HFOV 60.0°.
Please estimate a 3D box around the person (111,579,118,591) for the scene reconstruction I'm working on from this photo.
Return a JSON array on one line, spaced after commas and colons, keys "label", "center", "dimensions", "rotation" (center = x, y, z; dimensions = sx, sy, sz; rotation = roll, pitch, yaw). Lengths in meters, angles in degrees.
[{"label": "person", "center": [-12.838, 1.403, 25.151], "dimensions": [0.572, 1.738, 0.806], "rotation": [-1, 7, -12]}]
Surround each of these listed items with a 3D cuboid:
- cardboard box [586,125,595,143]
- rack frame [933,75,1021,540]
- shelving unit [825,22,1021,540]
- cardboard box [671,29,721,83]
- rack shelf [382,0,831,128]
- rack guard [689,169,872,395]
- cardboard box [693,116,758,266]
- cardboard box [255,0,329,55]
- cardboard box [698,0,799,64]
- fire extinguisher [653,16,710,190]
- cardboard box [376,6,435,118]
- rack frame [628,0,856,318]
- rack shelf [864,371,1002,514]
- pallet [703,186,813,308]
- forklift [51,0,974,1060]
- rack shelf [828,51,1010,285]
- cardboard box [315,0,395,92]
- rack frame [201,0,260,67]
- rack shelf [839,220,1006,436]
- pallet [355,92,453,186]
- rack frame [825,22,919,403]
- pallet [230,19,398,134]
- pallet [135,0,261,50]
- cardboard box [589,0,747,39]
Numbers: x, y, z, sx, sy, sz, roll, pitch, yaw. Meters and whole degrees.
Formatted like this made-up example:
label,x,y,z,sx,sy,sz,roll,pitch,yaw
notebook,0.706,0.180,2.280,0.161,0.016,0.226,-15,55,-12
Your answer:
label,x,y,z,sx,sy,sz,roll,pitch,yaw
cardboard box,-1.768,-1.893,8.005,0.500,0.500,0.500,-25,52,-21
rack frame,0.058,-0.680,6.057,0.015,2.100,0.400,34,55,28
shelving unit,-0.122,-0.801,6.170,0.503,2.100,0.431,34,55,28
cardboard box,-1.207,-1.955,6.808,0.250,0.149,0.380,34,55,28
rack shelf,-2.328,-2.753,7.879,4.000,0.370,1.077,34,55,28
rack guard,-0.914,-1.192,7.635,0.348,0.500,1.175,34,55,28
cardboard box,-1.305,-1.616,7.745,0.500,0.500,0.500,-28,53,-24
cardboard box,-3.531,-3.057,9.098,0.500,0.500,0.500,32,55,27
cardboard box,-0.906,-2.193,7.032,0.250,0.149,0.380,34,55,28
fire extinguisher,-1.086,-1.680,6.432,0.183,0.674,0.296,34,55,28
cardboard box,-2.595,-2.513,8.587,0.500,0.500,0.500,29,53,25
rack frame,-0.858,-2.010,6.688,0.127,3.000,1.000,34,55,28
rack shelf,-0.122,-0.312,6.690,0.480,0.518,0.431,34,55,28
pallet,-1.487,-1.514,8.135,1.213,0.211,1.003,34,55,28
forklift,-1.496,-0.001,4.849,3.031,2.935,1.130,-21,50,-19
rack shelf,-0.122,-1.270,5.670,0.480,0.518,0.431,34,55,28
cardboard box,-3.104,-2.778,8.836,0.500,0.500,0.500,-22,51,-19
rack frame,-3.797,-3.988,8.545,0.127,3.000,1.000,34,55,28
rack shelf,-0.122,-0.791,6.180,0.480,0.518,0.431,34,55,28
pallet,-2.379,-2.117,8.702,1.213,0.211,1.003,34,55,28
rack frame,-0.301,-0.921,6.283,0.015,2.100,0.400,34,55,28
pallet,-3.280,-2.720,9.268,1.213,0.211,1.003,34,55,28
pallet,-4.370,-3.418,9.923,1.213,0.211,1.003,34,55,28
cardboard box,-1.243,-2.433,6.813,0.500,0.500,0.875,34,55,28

TASK ITEM => In the data above, find the line that contains "- pallet [703,186,813,308]" and the line that contains "notebook,0.706,0.180,2.280,0.161,0.016,0.226,-15,55,-12". Repeat exactly those lines and every line between them, and only those.

WRITTEN ANSWER =>
- pallet [703,186,813,308]
- forklift [51,0,974,1060]
- rack shelf [828,51,1010,285]
- cardboard box [315,0,395,92]
- rack frame [201,0,260,67]
- rack shelf [839,220,1006,436]
- pallet [355,92,453,186]
- rack frame [825,22,919,403]
- pallet [230,19,398,134]
- pallet [135,0,261,50]
- cardboard box [589,0,747,39]
Numbers: x, y, z, sx, sy, sz, roll, pitch, yaw. Meters and whole degrees.
Formatted like this made-up example:
label,x,y,z,sx,sy,sz,roll,pitch,yaw
notebook,0.706,0.180,2.280,0.161,0.016,0.226,-15,55,-12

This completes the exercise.